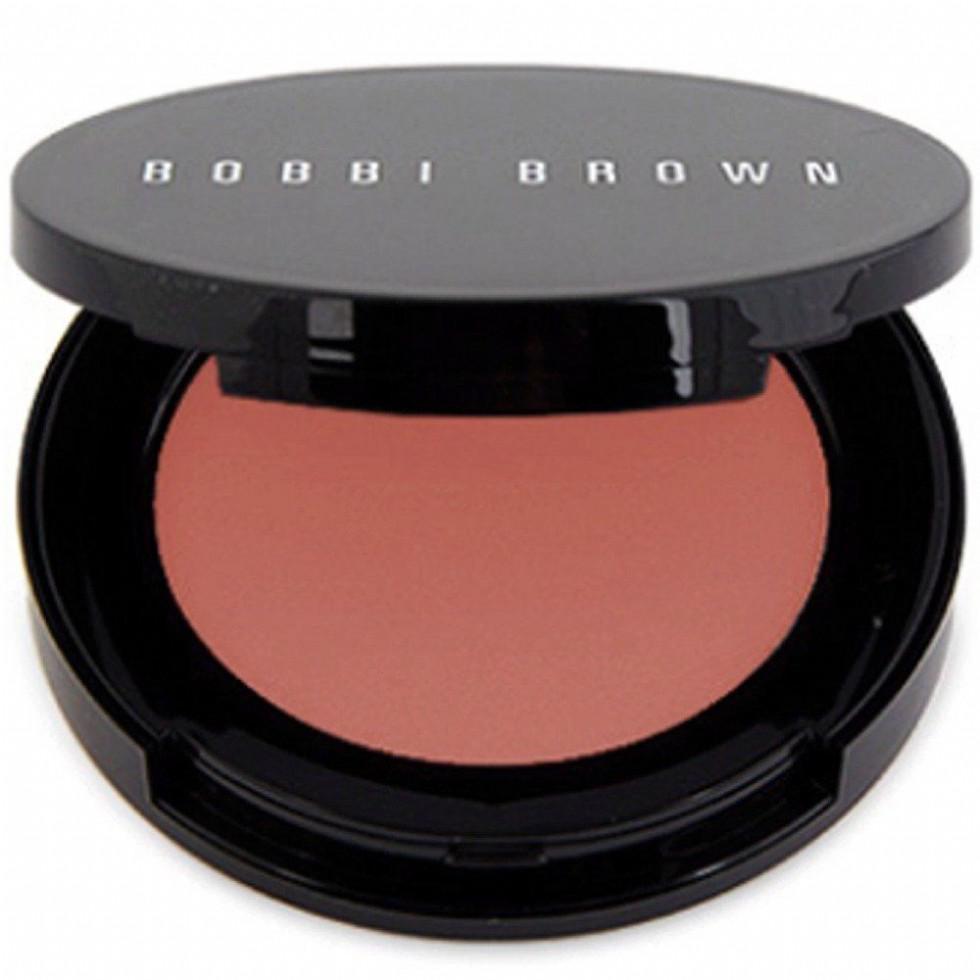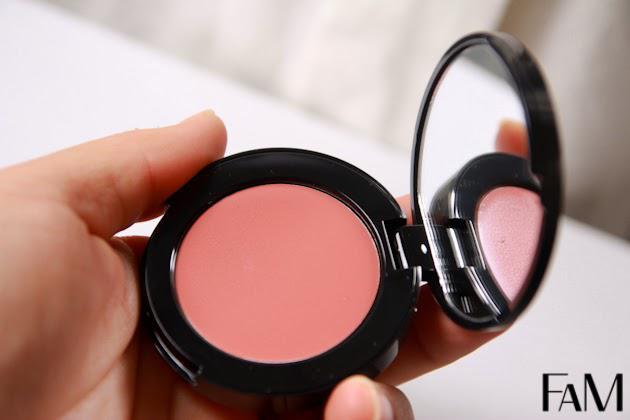The first image is the image on the left, the second image is the image on the right. Analyze the images presented: Is the assertion "There is at most 1 hand holding reddish makeup." valid? Answer yes or no. Yes. 
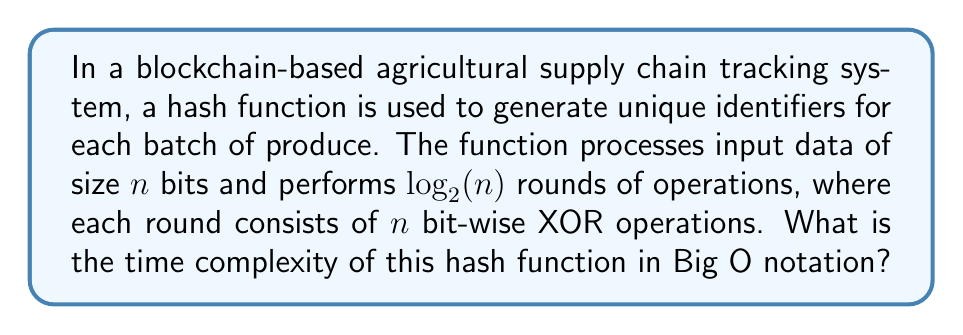Help me with this question. Let's analyze the computational complexity step-by-step:

1. Input size: The function processes $n$ bits of input data.

2. Number of rounds: The function performs $\log_2(n)$ rounds.

3. Operations per round: Each round consists of $n$ bit-wise XOR operations.

4. Total number of operations:
   $$ \text{Total operations} = \log_2(n) \cdot n $$

5. Time complexity analysis:
   - The number of operations is directly proportional to the time taken.
   - We have a product of two terms: $\log_2(n)$ and $n$.
   - In Big O notation, we express this as $O(n \log n)$.

6. Verification:
   - As $n$ increases, the time complexity grows slightly faster than linear but slower than quadratic.
   - This aligns with the $O(n \log n)$ complexity, which is common in efficient sorting and hashing algorithms.

Therefore, the time complexity of this hash function is $O(n \log n)$.
Answer: $O(n \log n)$ 
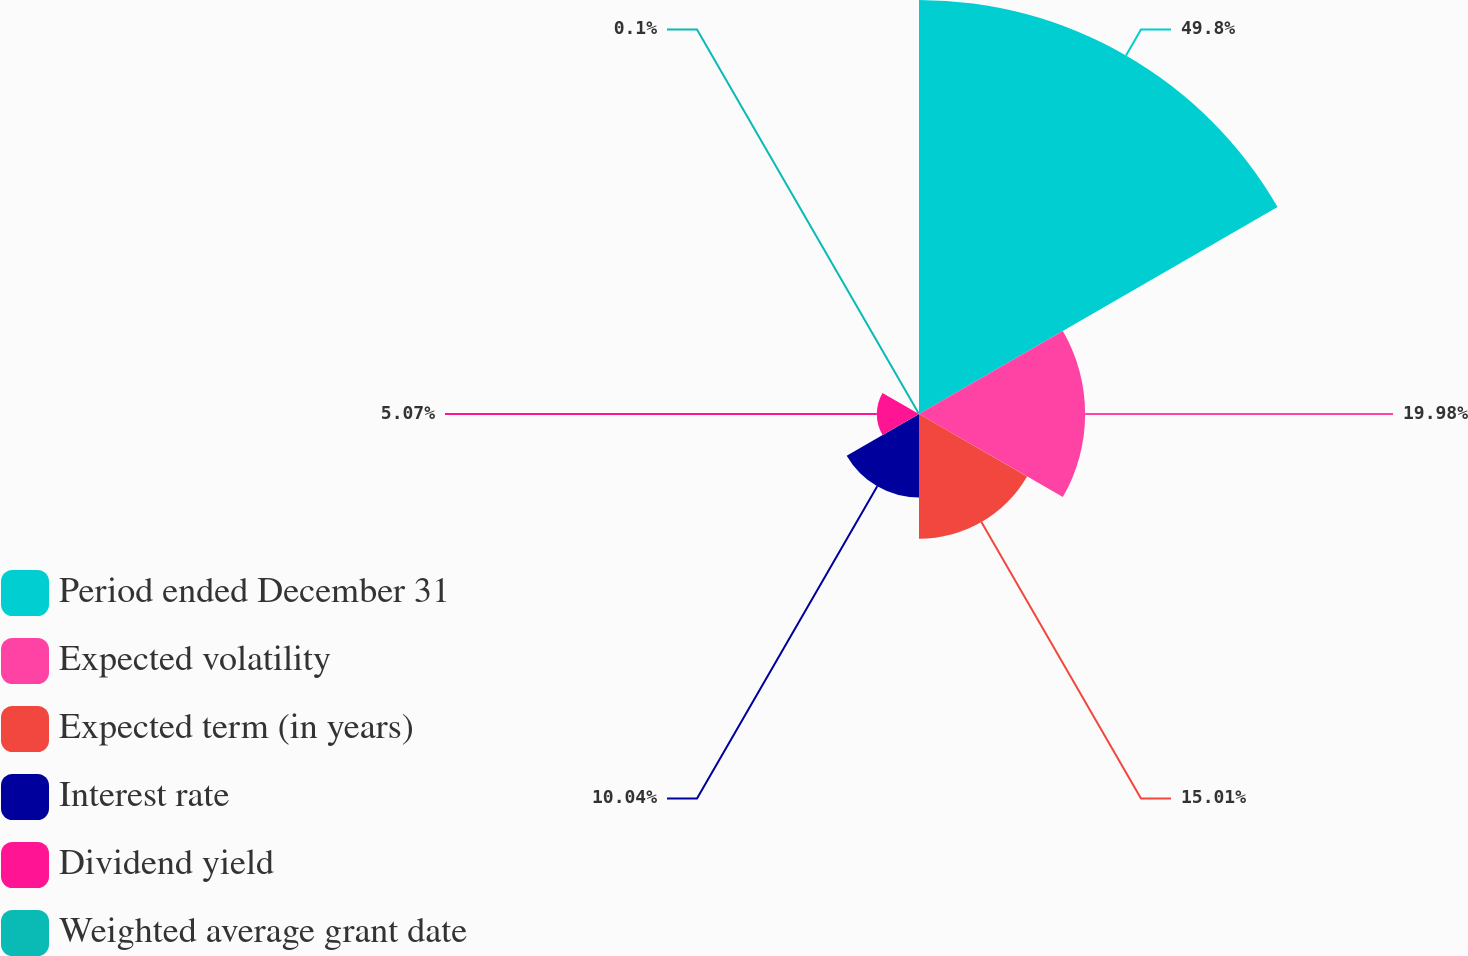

◇ ◇ ◇ ◇

# YOUR ASSIGNMENT:
Your answer must be the lines from the one containing "- In Big O notation, we" through the last line of the records, printed exactly with no pictures; please include both ends.

# RESPONSE AREA:
   - In Big O notation, we express this as $O(n \log n)$.

6. Verification:
   - As $n$ increases, the time complexity grows slightly faster than linear but slower than quadratic.
   - This aligns with the $O(n \log n)$ complexity, which is common in efficient sorting and hashing algorithms.

Therefore, the time complexity of this hash function is $O(n \log n)$.
Answer: $O(n \log n)$ 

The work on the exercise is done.